I am new to this forum and will be creating a theatre room when we purchase our house (in-laws house) with in the next 5 months. I have surfed the net, this forum and other to the point that I think I am more confused then ever. I really do like the Klipsh speakers for my room I am designing (16' wide x 24' long x a sloped ceiling from 20'-12' sideways)
Any comments on this set up? This is just one of many pieces that I have not decided on yet.




Klipsch RF-82II 5.1 Bundle-Onkyo TX-NR828 7.2-Ch-BIC Acoustech PL-200 x 2 


by Klipsch 


List Price: $4,599.00 
Price: $2,999.00 
You Save: $1,600.00 (35%) 


Ships from and sold by AcousticSoundDesign Home Theater Experts. 

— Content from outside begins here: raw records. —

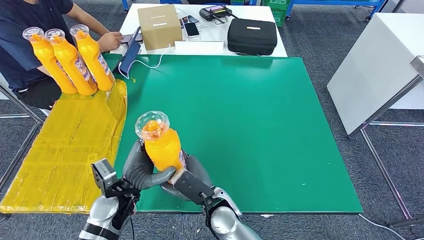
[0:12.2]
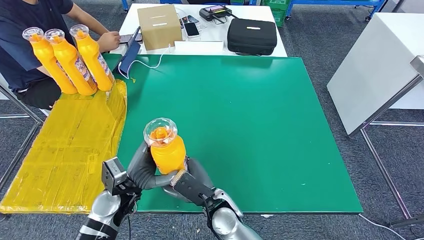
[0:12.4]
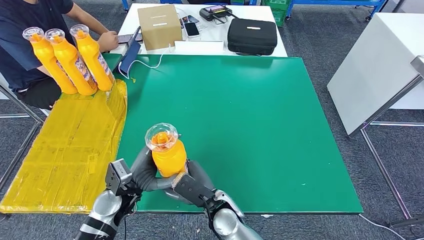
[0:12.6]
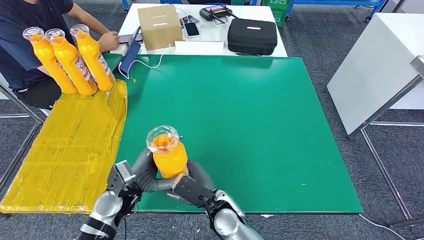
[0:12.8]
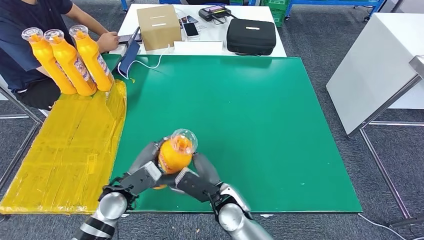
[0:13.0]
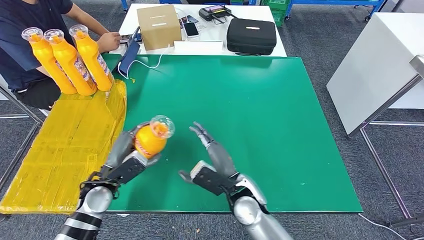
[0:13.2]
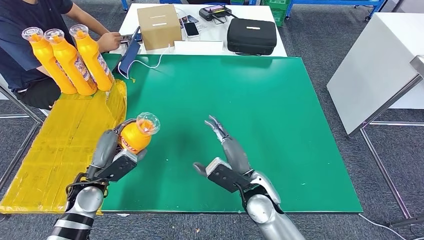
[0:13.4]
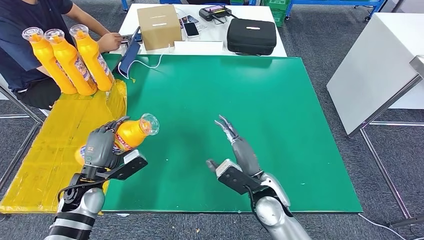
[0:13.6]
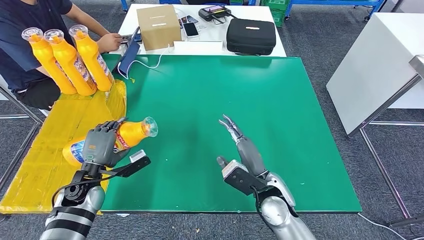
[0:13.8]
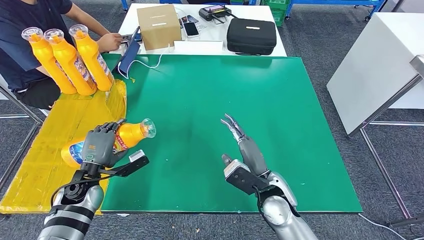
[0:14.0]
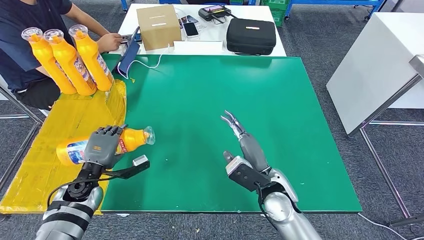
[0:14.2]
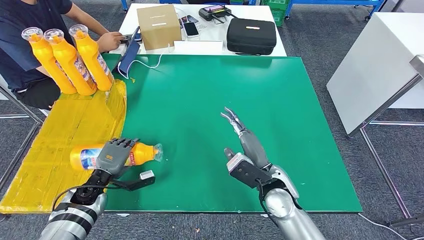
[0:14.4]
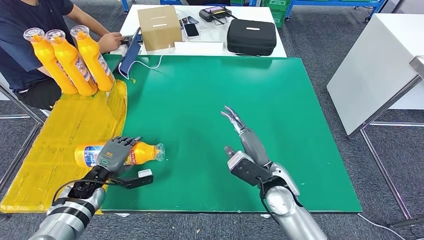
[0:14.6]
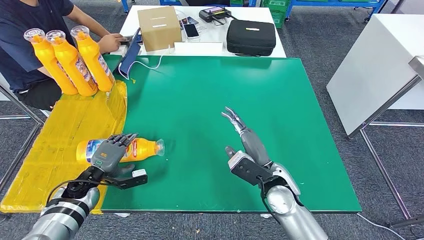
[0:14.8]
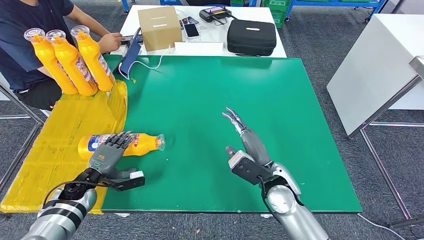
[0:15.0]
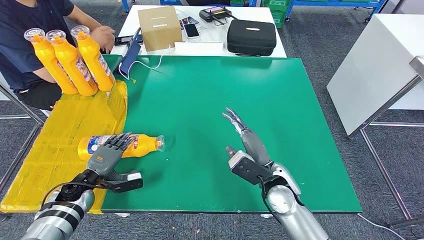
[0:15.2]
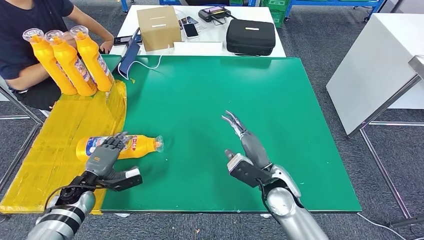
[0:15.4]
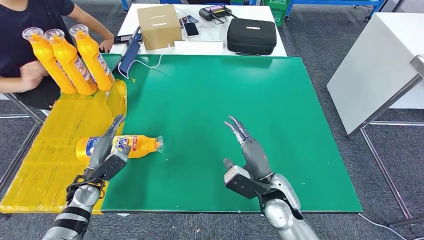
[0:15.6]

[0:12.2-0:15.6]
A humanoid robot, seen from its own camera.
Step, 0:12.2 to 0:15.6: Flip the fast-moving consumer goods bottle to the front side.
0:12.2 to 0:13.8: The right hand is displaced to the right by some 15 cm. Meanwhile the left hand heads to the left, covering approximately 10 cm.

•You Receive: 2 RF-82II Towers 1 RC-62 II Center 2 RS-52II Surrounds(Black Only) BIC Acoustech PL-200 x 2 Each(Black Only) Onkyo TX-NR828 7.2-Ch Network A/V Receiver - Black
•Features • Every Reference speaker utilizes our Tractrix Horn technology for lifelike sound, more output using less energy, improved reliability, reduced distortion and a large soundstage with well-defined imaging. • Our light, yet rigid Cerametallic woofer cones feature specially treated aluminum to help better dampen and prevent distortion. • Titanium tweeter with linear travel suspensiontrickle-down technology from our flagship Palladium Series provides an open, natural sound, making you feel as if youre in the studio with the recording artist or on the set of a film. • Rounded feet offer less protrusion, giving the cabinet a slimmer, more sophisticated look with new copper accents.
•Onkyo TX-NR828 7.2-Ch Network A/V Receiver - Black The TX-NR828 has built-in WiFi for app controlled network audio streaming, and built-in Bluetooth serves hi-res, lossless, and compressed audio files (including 192 kHz/24-bit FLAC, DSD, and Dolby TrueHD) to your home theater from mobile devices, and it's all about stunning sound. Behind the brushed aluminum faceplate all seven channels have Three-Stage Inverted Darlington Circuitry, which effortlessly handles big dynamic gains without distorting, as THX Select2 Pluscertification proves, and renders all audio in extraordinary detail. Eight 4K-ready HDMI inputs, and a frontside MHL(for mobile devices), decode dazzling audio and video. 7.2 multichannel pre-outs, powered Zone 2 outputs, and bi-amping capability make this a very flexible AVR. Audio is masterfully processed, and 4K video source signals are cleanly passed-through, and standard video can be upscaled to 4K. Two HDMI outputs (one with Audio Return Channel) are included to connect your TV or even a projector for an authentic big-screen experience. Owning an Onkyo A/V receiver is not just about having big sound on movie night. It's about maximizing the sound of enjoyment in your daily life. Advanced features list here. Hear Precisely What the Director Intended Perfecting your home theater experience, THX certification guarantees theater-reference volumes in medium-sized rooms with minimal distortion. The TX-NR828 meets the most demanding & rigorous performance certification: it has to pass 75 test categories, 2,000 tests, covering 14,000 data points.
•Bic Acoustech New Model Platinum Series PL-200 x 2 Each! We proudly introduce the BIC/Acoustech Platinum Series PL-200 subwoofer. If you are looking for a top-tier subwoofer at an affordable price, we strongly suggest you audition the Acoustech PL-200. Although both the H-100 and PL-200 are superb value performers, the PL-200 is driven by an audiophile state-of-the-art BASH amplifier capable of delivering up to 1000-watts dynamic peak output. For extended bass response, the PL-200 also has more internal cabinet volume than the H-100. The PL-200 can move an impressive volume of air with exquisite control while delivering prodigious amounts of bass power for both music and theater applications. A sleek cabinet with hand-rubbed black lacquer top and bottom offers a deep gloss shine that is more scratch resistant than many lacquer finishes on the market. Like the Acoustech H-100, we guarantee the PL-200 will knock your socks off, especially for the price!


----------



## Sonnie (Apr 11, 2006)

I went ahead and linked it for you.

I would say that is a pretty good setup. The pricing seems fair enough and it should make for a very good home theater system.


----------



## hjones4841 (Jan 21, 2009)

I agree, Sonnie, but I have been a Klipsch fan for over 40 years. I have the same speakers in cherry (which they no longer make) in an upstairs system. Very nice sound. However, the RF-82s are rather large, so buyers should be prepared for that. Many of our members really like Onkyo gear as well. Seems like a very good way to get into a nice HT sound system. 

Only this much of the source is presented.